Oct 1 (1:45-5:30pm in MSB1147): Opening event.
1:45pm: Reception
2-2:50 Talk by Jorge Nocedal (Northwestern). Title: Nonlinear Optimization Methods for Machine Learning .
Abstract: Most high-dimensional nonconvex optimization problems cannot be solved to optimality. However, deep neural networks have a benign geometry that allows stochastic optimization methods find acceptable solutions. There are, nevertheless, many open questions concerning the optimization process, including trade-offs between parallelism and the predictive ability of solutions, as well as the choice of a metric with the right statistical properties. In this talk we discuss classical and new optimization methods in the light of these observations, and conclude with some open questions.
Short bio: Jorge Nocedal is the Walter P. Murphy Professor in the Department of Industrial Engineering and Management Sciences at Northwestern University. His research is in optimization, both deterministic and stochastic, and with emphasis on very large-scale problems. His current work is driven by applications in machine learning. He is a SIAM Fellow, and was awarded the 2012 George B. Dantzig Prize as well as the 2017 Von Neumann Theory Prize, for contributions to theory and algorithms of nonlinear optimization.
3-3:50 Talk by Andrea Montanari (Stanford) . Title: A Mean Field View of the Landscape of Two-Layers Neural Networks.
Abstract: Multi-layer neural networks are among the most powerful models in machine learning, yet the fundamental reasons for this success defy mathematical understanding. Learning a neural network requires to optimize a non-convex high-dimensional objective (risk function), a problem which is usually attacked using stochastic gradient descent (SGD). Does SGD converge to a global optimum of the risk or only to a local optimum? In the first case, does this happen because local minima are absent, or because SGD somehow avoids them? In the second, why do local minima reached by SGD have good generalization properties?

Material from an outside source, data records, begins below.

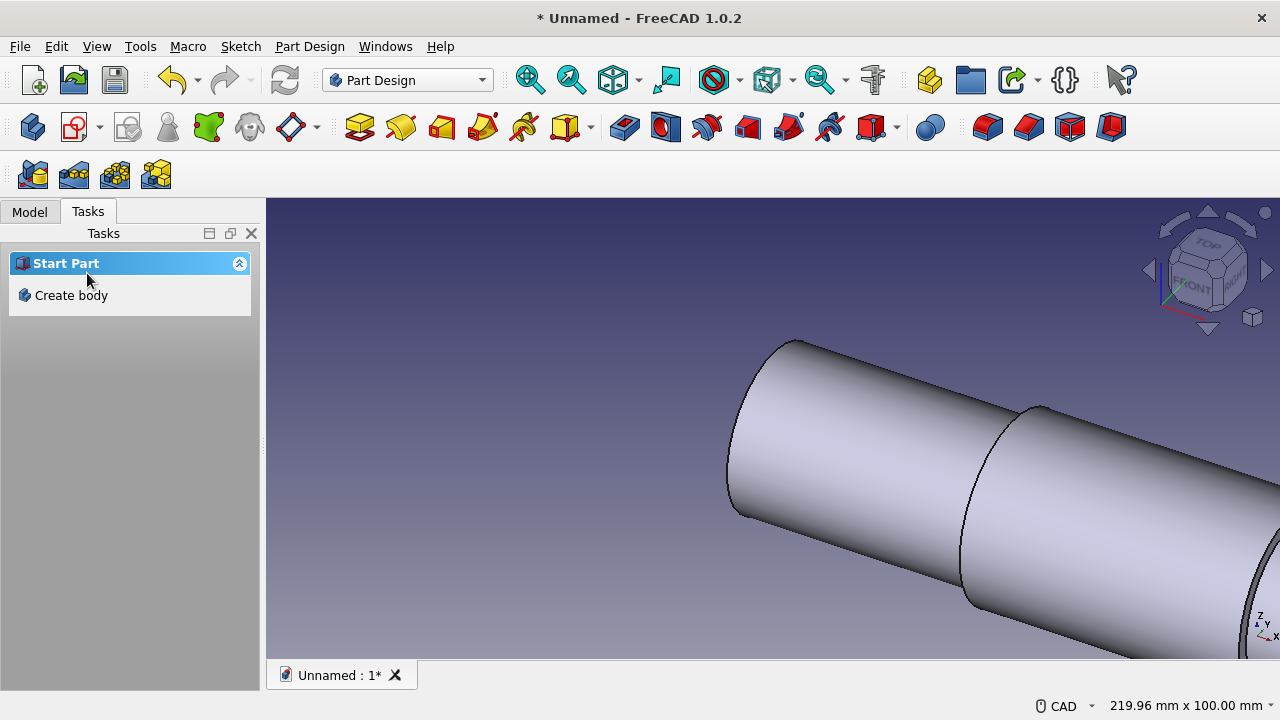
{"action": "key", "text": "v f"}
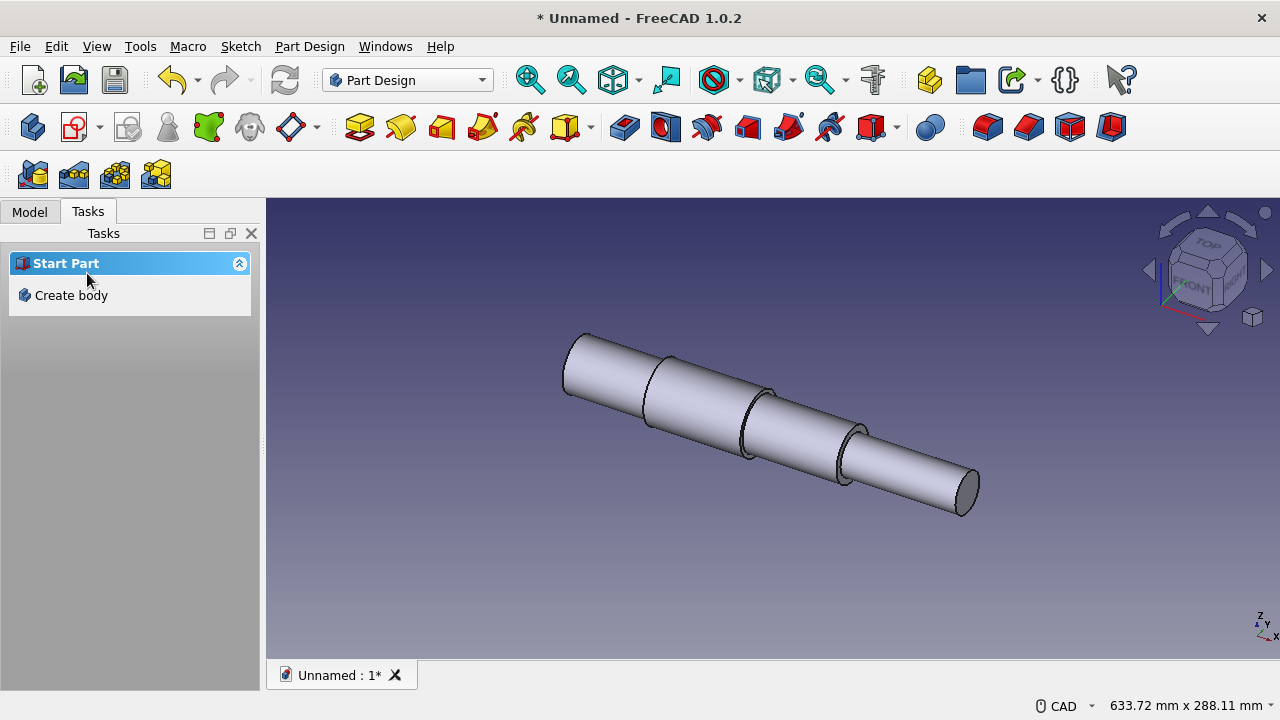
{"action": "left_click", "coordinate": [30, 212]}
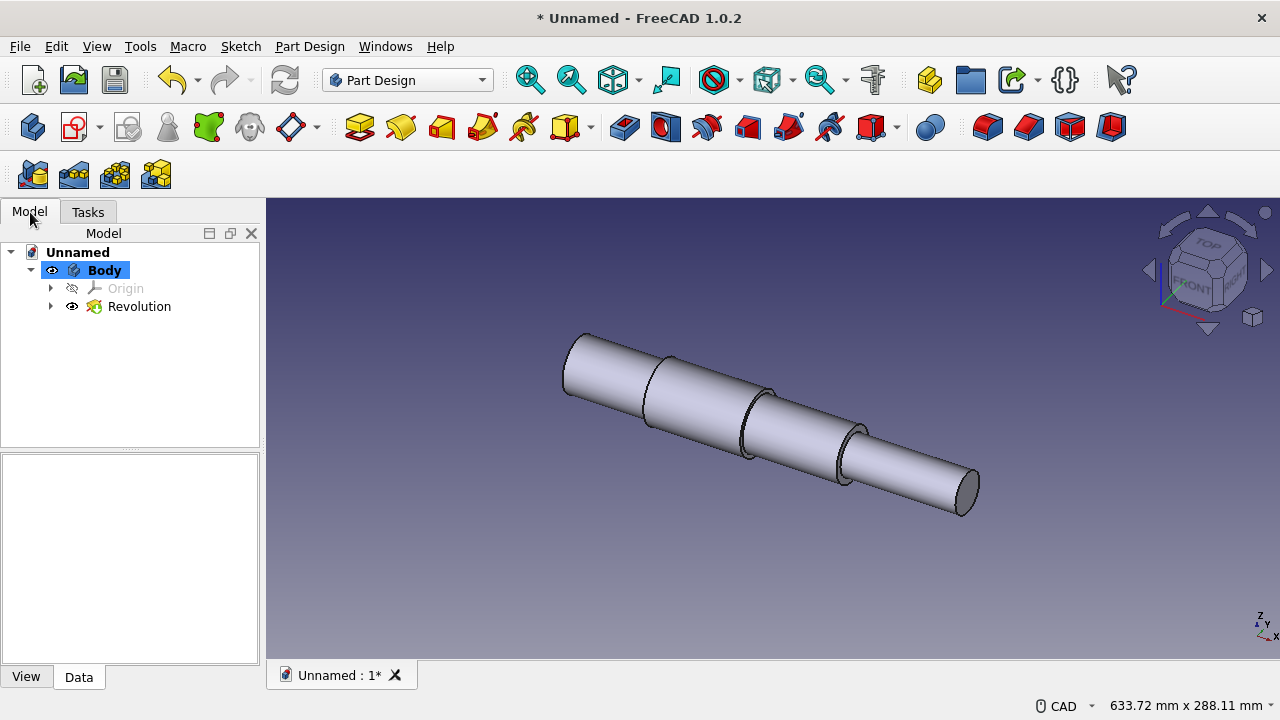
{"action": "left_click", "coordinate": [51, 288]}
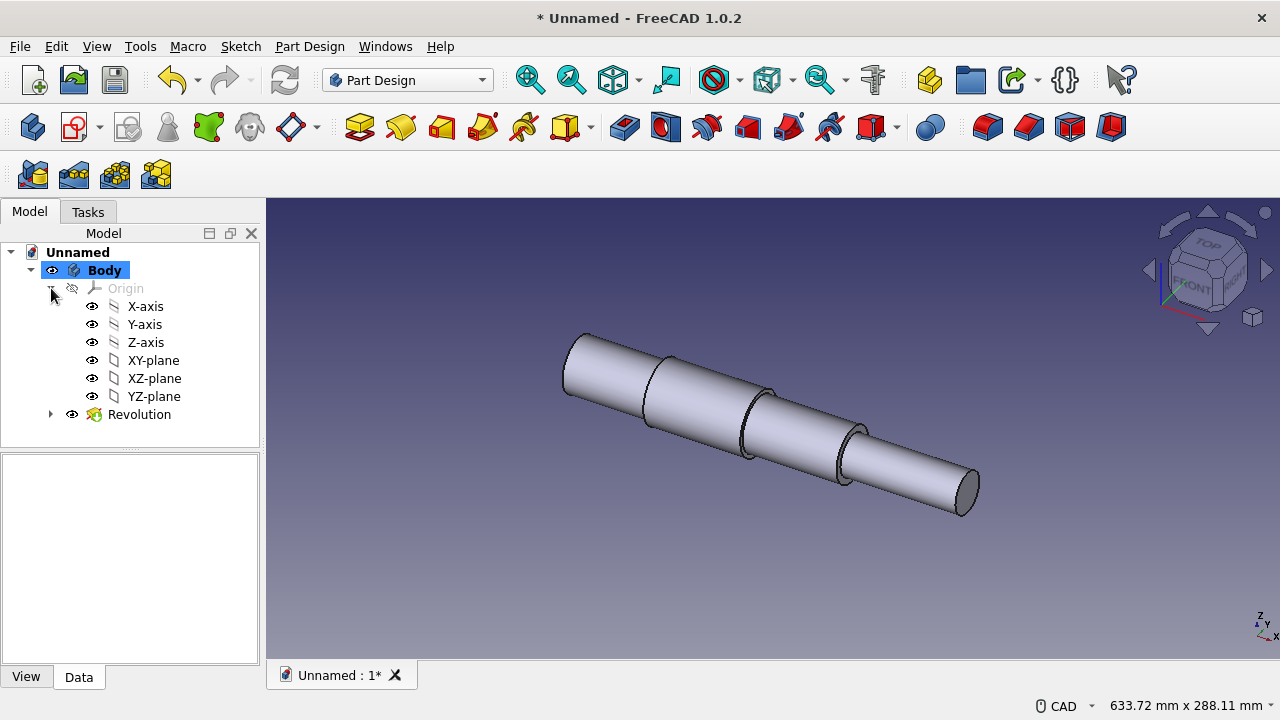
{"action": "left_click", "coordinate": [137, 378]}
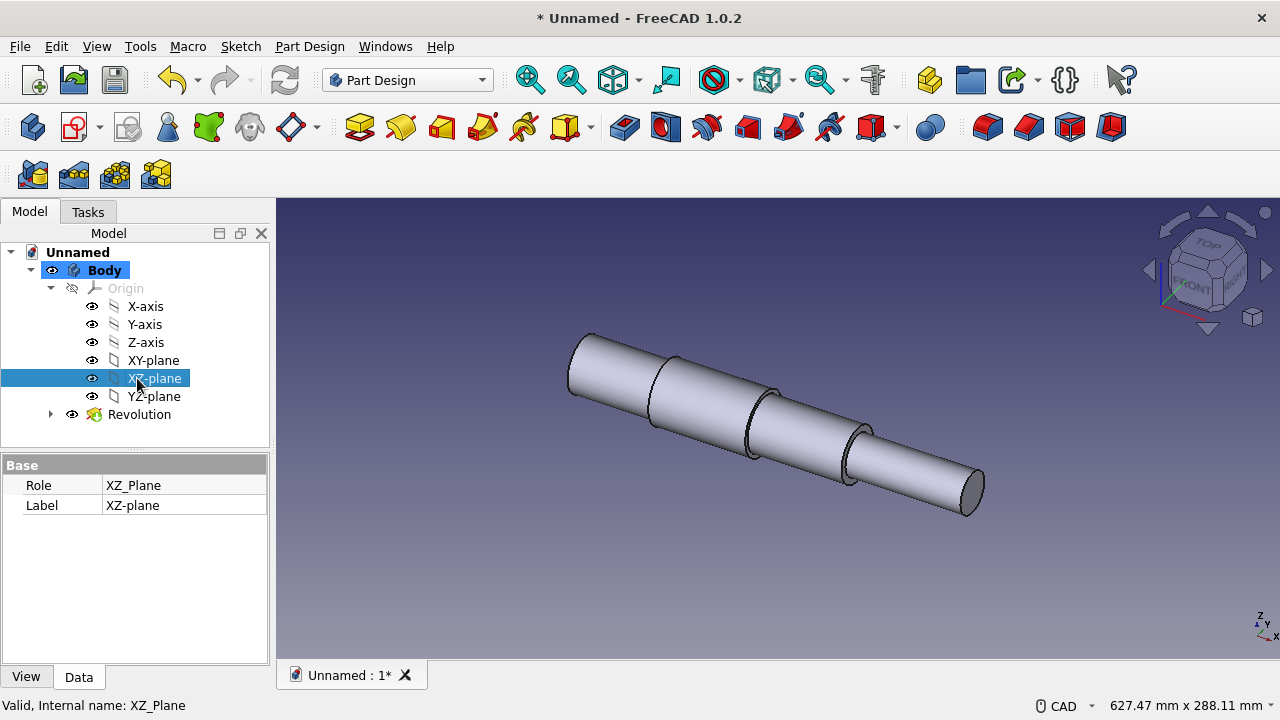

We consider a simple case, namely two-layers neural networks, and prove that -in a suitable scaling limit- SGD dynamics is captured by a certain non-linear partial differential equation (PDE) that we call distributional dynamics (DD). We then consider several specific examples, and show how DD can be used to prove convergence of SGD to networks with nearly ideal generalization error. This description allows to 'average-out' some of the complexities of the landscape of neural networks, and can be used to prove a general convergence result for noisy SGD.
[Based on joint work with Song Mei and Phan-Minh Nguyen]
Short bio: Andrea Montanari received a Laurea degree in Physics in 1997, and a Ph. D. in Theoretical Physics in 2001 (both from Scuola Normale Superiore in Pisa, Italy). He has been post-doctoral fellow at Laboratoire de Physique Théorique de l'Ecole Normale Supérieure (LPTENS), Paris, France, and the Mathematical Sciences Research Institute, Berkeley, USA. Since 2002 he is Chargé de Recherche (with Centre National de la Recherche Scientifique, CNRS) at LPTENS. In September 2006 he joined Stanford University as a faculty, and since 2015 he is Full Professor in the Departments of Electrical Engineering and Statistics.
He was co-awarded the ACM SIGMETRICS best paper award in 2008. He received the CNRS bronze medal for theoretical physics in 2006, the National Science Foundation CAREER award in 2008, the Okawa Foundation Research Grant in 2013, and the Applied Probability Society Best Publication Award in 2015. He is an Information Theory Society distinguished lecturer for 2015-2016. In 2016 he received the James L. Massey Research & Teaching Award of the Information Theory Society for young scholars. In 2018 he was an invited sectional speaker at the International Congress of Mathematicians.
3:50-4:30 coffee/break
4:30-5:30 Talk by Joel Tropp (Caltech). Title: Applied Random Matrix Theory.
Abstract: Random matrices now play a role in many areas of theoretical, applied, and computational mathematics. Therefore, it is desirable to have tools for studying random matrices that are flexible, easy to use, and powerful. Over the last fifteen years, researchers have developed a remarkable family of results, called matrix concentration inequalities, that balance these criteria. This talk offers an invitation to the field of matrix concentration inequalities and their applications.
Short bio: Joel A. Tropp is Steele Family Professor of Applied & Computational Mathematics at the California Institute of Technology. He earned the Ph.D. degree in Computational Applied Mathematics from the University of Texas at Austin in 2004. His research centers on data science, applied mathematics, numerical algorithms, and random matrix theory. Prof. Tropp won a PECASE in 2008, and he has received society best paper awards from SIAM in 2010, EUSIPCO in 2011, and IMA in 2015. He has also been recognized as a Highly Cited Researcher in Computer Science each year from 2014–2017.